Input values are stored as strings. But they can also have a type
associated with them. Supported types are:

- `string`
- `bool`
- `number`
- `object`

String type values can be any string. Bool type values must be either `true`
or `false` when parsed as JSON. Number type values must a valid float64
when parsed as JSON. Object types will be a JSON serialization of
the YAML input structure.

For example, these would be valid inputs:

```yaml
steps:
- name: my_step
  inputs:
    foo: bar
    baz: true
    bam: 1
```

Given this step definition:

```yaml
spec:
  inputs:
    foo:
      type: string
    baz:
      type: bool
    bam:
      type: number
---
type: exec
exec:
  command: [echo, ${{ inputs.foo }}, ${{ inputs.baz }}, ${{ inputs.bam }}]
```

And it would output `bar true 1`

For an object type, these would be valid inputs:

```yaml
steps:
  name: my_step
  inputs:
    foo:
      steps:
      - name: my_inner_step
        inputs:
          name: steppy
```

Given this step definition:

```yaml
spec:
  inputs:
    foo:
      type: object
---
type: exec
exec:
  command: [echo, ${{ inputs.foo }}]
```

And it would output `{"steps":[{"name":"my_inner_step","inputs":{"name":"steppy"}}]}`

### Outputs

Output files are created into which steps can write their
outputs and environment variable exports. The file locations are
provided in `OUTPUT_FILE` and `ENV_FILE` environment variables.

After execution Step Runner will read the output and environment
variable files and populate the trace with their values. The
outputs will be stored under the context for the executed step.
And the exported environment variables will be merged with environment
provided to the next step.

Some steps can be of type `steps` and be composed of a sequence
of GitLab CI steps. These will be compiled and executed in sequence.
Any environment variables exported by nested steps will be available
to subsequent steps. And will be available to high level steps
when the nested steps are complete. E.g. entering nested steps does
not create a new "scope" or context object. Environment variables
are global.

## Containers

We've tried a couple approaches to running steps in containers.
In end we've decided to delegate steps entirely to a step runner
in the container.

Here are the options considered:

### Delegation (chosen option)

A provision is made for passing complex structures to steps, which
is to serialize them as JSON (see Inputs above). In this way the actual
step to be run can be merely a parameter to step running in container.
So the outer step is a `docker/run` step with a command that executes
`step-runner` with a `steps` input parameter. The `docker/run` step will
run the container and then extract the output files from the container
and re-emit them to the outer steps.

This same technique will work for running steps in VMs or whatever.
Step Runner doesn't have to know anything about containerizing or
isolation steps.

### Special Compilation (rejected option)

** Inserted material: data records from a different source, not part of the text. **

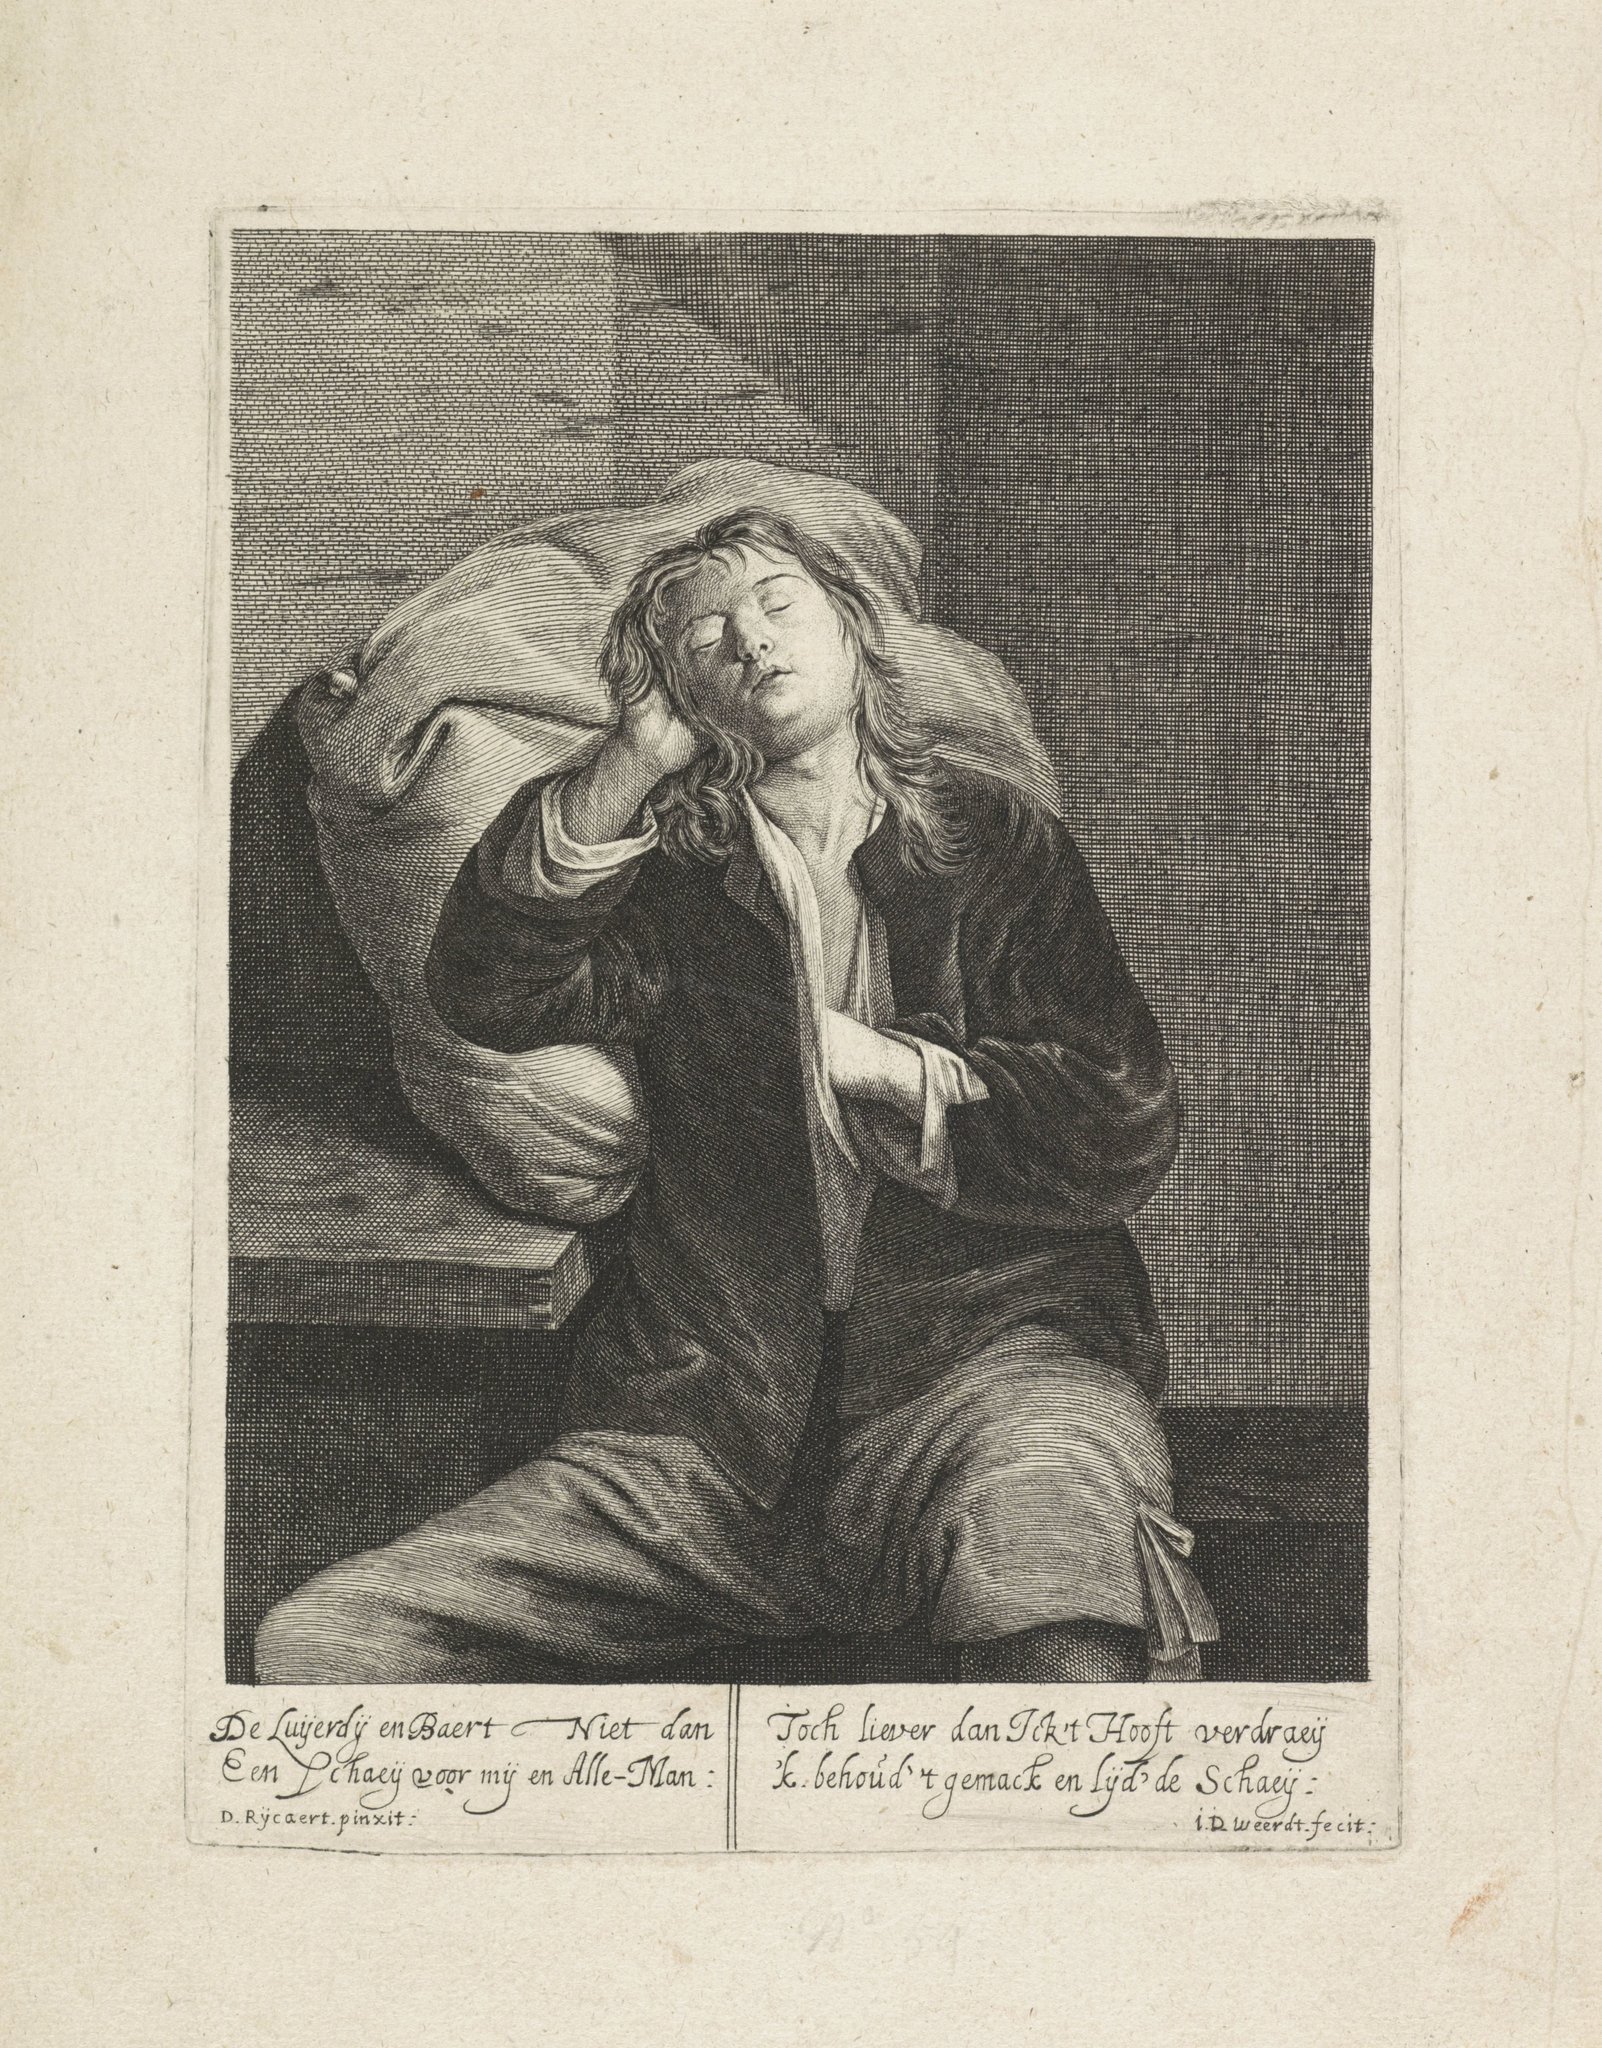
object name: print
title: Zeven zonden
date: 1636-1700
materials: paper
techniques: engraving
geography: antwerp
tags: sleeping in chair, sloth, indolence, 'acedia', 'desidia'; 'accidia' (ripa) ~ personification of one of the seven deadly sins, youth, adolescent, pillow
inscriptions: collector's mark: Lugt 240
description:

When we see the `image` keyword in a GitLab CI step we would download
and compile the "target" step. Then manufacture a `docker/run` step
and pass the complied `exec` command as an input. Then we would compile
the `docker/run` step and execute it.

However this requires Step Runner to know how to construct a `docker/run`
step. Which couples Step Runner with the method of isolation, making
isolation in VMs and other methods more complicated.

### Native Docker (rejected option)

The baseline step can include provisions for running a step in a
Docker container. For example the step could include a `ref` "target"
field and an `image` field.

However this also couples Step Runner with Docker and expands the role
of Step Runner. It is preferable to make Docker an external step
that Step Runner execs in the same way as any other step.